• [Your task]: Going down the listing below, print exactly each line from the one with "Keep the same format for the basin" up to and including the one with "Keep the same format for the adult", and skip the rest.

• [Records for processing]:

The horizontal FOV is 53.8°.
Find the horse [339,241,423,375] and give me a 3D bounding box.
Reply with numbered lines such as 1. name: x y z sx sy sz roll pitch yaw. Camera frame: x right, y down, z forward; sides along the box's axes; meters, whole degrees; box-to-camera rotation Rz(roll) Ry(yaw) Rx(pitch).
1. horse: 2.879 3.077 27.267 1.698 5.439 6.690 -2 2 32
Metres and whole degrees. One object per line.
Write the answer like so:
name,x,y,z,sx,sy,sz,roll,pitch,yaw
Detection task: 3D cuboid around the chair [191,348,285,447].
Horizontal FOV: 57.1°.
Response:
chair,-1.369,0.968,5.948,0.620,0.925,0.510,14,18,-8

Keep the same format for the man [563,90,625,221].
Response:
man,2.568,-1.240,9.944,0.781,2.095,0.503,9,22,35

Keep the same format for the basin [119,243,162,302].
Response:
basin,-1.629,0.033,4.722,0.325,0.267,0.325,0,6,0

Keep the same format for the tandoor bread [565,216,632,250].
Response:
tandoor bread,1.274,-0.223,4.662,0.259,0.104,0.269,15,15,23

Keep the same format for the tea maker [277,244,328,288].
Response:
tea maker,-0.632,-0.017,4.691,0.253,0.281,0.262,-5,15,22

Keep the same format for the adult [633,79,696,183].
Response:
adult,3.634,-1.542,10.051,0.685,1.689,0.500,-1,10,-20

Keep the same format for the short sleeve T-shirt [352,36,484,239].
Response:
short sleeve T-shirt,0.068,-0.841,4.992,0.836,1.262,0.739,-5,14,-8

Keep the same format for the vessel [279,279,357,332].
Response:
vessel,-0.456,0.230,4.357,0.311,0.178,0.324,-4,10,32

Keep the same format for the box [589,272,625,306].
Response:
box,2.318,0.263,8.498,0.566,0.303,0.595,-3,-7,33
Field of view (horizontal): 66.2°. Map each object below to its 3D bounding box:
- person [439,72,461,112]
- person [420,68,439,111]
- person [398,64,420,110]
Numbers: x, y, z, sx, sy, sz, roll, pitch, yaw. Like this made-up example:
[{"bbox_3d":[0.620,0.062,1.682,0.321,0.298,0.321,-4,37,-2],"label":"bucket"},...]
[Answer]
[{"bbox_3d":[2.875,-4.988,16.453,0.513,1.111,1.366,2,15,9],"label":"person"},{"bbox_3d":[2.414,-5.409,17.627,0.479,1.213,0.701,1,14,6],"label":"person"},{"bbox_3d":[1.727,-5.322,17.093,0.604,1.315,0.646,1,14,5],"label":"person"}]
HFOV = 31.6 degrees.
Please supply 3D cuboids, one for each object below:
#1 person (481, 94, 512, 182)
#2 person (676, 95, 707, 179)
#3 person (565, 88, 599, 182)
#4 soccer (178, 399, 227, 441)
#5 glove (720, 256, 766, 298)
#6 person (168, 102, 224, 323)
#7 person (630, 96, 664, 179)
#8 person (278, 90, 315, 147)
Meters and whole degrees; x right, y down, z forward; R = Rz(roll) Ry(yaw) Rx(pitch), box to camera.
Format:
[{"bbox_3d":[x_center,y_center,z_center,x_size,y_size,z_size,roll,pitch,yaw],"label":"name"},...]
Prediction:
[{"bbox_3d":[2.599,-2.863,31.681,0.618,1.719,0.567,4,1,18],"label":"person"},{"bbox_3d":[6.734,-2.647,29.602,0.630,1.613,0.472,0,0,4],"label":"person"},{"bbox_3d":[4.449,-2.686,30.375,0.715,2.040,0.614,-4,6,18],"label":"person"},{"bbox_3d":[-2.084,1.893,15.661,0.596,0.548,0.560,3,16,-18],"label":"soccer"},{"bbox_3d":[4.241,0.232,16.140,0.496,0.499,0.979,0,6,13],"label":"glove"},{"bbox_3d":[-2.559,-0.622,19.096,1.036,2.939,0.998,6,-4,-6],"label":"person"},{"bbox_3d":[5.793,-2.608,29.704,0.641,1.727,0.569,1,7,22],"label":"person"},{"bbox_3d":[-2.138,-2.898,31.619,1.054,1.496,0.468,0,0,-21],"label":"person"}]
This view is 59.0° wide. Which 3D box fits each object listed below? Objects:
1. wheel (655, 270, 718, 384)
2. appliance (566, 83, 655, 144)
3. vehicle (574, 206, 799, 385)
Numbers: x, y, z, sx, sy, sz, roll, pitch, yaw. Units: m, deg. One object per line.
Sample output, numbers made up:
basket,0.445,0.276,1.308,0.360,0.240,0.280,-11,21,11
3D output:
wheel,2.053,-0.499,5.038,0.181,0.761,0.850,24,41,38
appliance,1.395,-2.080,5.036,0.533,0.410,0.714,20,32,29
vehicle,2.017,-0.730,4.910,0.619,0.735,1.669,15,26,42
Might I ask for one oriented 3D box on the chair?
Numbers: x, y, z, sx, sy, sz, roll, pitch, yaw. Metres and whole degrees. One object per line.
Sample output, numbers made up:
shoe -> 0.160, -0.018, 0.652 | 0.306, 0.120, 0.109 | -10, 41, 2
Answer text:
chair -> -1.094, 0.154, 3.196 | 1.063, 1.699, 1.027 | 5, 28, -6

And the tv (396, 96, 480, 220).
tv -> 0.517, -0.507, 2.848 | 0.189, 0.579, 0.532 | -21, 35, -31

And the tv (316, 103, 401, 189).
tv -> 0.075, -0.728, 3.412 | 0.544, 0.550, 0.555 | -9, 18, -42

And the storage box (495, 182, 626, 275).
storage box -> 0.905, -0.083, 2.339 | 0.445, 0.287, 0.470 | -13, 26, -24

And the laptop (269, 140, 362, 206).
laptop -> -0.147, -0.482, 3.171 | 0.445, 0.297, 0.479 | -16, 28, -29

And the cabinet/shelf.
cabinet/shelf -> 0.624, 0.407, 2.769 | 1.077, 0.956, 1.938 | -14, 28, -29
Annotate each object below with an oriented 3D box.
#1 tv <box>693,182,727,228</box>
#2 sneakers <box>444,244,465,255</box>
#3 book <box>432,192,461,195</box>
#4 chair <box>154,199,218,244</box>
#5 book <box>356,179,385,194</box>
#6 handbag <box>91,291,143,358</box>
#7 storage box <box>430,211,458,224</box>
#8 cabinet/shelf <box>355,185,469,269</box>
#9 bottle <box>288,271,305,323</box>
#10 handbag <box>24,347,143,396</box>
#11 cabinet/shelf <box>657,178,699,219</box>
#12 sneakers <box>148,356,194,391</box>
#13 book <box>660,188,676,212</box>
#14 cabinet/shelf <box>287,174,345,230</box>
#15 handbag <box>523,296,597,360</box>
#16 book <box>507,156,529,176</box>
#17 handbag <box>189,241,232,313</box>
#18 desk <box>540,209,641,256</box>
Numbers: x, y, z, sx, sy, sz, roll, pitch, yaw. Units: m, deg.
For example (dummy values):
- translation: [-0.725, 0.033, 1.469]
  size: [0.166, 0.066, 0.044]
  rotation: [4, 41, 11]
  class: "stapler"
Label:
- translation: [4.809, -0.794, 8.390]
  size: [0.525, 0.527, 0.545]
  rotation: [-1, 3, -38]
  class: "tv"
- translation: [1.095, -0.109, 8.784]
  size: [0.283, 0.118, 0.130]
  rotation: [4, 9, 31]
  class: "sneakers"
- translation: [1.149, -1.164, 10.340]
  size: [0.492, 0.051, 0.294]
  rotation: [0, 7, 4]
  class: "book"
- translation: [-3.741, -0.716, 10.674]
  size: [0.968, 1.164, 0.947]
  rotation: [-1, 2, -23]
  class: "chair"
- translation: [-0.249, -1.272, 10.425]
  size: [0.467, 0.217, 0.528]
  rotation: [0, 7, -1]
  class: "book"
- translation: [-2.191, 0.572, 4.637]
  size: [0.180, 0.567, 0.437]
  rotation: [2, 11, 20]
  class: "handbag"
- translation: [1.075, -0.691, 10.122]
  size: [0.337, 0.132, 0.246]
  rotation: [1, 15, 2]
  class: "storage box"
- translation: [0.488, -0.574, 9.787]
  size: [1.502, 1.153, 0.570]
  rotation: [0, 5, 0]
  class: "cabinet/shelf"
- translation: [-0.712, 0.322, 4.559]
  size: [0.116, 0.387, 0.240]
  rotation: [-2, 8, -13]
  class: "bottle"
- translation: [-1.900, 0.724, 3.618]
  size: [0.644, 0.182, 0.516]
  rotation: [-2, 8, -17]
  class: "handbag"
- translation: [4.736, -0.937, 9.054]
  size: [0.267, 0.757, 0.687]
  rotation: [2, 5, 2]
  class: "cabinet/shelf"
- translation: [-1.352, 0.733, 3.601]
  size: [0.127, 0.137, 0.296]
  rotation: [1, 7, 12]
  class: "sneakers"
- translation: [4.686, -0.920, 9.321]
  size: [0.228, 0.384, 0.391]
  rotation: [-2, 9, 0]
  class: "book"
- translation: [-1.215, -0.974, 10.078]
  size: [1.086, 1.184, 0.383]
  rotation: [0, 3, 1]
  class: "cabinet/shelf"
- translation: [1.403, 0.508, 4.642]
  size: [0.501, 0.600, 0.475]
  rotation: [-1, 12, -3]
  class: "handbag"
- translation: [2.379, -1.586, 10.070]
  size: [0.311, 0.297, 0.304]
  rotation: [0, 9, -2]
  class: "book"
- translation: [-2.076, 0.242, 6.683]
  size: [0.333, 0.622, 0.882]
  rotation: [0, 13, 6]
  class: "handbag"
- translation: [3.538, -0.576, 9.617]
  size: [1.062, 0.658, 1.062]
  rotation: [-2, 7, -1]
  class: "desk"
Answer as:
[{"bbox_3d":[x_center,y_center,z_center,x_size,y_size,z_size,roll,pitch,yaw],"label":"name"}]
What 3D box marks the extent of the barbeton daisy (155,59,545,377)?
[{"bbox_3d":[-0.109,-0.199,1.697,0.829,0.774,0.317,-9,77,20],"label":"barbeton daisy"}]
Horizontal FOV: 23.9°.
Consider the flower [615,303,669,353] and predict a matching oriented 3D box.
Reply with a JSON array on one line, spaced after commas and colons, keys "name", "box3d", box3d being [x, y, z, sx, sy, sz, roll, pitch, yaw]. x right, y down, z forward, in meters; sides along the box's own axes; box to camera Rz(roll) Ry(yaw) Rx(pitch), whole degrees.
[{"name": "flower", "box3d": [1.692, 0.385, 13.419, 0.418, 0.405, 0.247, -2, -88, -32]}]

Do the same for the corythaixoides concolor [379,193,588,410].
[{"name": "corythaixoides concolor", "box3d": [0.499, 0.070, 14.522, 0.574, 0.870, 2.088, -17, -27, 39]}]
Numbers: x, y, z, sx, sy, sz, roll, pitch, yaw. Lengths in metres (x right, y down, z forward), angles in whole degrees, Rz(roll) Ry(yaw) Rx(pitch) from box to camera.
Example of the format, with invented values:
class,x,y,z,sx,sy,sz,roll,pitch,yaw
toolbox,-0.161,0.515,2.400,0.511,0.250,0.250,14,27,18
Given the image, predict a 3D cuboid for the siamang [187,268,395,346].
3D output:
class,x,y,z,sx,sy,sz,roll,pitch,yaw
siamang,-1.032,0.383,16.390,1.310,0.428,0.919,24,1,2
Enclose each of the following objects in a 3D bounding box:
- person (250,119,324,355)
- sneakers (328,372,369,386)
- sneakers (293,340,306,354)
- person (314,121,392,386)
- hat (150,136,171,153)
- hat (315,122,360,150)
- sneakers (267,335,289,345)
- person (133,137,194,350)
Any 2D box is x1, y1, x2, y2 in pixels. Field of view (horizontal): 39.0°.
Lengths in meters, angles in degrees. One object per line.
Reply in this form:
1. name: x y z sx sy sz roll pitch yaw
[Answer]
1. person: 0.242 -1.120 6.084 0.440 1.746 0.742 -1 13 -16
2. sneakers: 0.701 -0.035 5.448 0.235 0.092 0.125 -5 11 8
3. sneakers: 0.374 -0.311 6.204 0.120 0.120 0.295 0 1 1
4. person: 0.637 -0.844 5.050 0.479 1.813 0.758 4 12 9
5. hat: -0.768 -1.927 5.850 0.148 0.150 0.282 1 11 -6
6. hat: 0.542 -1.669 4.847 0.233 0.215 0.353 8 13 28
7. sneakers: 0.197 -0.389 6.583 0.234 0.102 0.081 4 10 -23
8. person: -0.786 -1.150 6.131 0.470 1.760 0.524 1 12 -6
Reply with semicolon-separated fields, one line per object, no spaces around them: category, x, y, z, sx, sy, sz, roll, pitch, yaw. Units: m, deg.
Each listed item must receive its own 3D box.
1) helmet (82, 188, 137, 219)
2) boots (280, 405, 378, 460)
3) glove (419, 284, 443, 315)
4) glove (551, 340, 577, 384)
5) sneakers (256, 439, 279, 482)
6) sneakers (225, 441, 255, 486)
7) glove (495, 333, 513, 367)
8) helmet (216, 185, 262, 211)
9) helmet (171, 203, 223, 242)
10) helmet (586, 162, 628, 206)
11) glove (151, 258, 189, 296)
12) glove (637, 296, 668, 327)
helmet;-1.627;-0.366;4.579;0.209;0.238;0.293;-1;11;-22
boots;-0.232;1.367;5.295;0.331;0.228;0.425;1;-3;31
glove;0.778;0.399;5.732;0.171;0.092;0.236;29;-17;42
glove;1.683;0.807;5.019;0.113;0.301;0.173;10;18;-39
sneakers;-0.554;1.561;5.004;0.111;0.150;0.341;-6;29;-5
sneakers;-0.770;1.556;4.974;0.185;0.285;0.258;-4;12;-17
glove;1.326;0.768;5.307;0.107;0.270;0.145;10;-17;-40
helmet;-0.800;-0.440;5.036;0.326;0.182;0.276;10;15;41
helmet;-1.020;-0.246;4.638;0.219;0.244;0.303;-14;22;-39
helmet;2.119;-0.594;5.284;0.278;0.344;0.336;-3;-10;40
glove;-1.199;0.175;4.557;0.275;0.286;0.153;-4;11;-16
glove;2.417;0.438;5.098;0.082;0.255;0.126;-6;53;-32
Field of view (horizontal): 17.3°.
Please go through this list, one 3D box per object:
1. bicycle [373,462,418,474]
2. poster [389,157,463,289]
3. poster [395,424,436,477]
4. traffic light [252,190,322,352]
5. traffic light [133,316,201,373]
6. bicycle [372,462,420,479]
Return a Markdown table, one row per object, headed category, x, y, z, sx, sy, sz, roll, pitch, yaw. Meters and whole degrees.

• [Response for this exercise]:
Keep the same format for the basin [119,243,162,302].
Response:
basin,-1.629,0.033,4.722,0.325,0.267,0.325,0,6,0

Keep the same format for the tandoor bread [565,216,632,250].
Response:
tandoor bread,1.274,-0.223,4.662,0.259,0.104,0.269,15,15,23

Keep the same format for the tea maker [277,244,328,288].
Response:
tea maker,-0.632,-0.017,4.691,0.253,0.281,0.262,-5,15,22

Keep the same format for the adult [633,79,696,183].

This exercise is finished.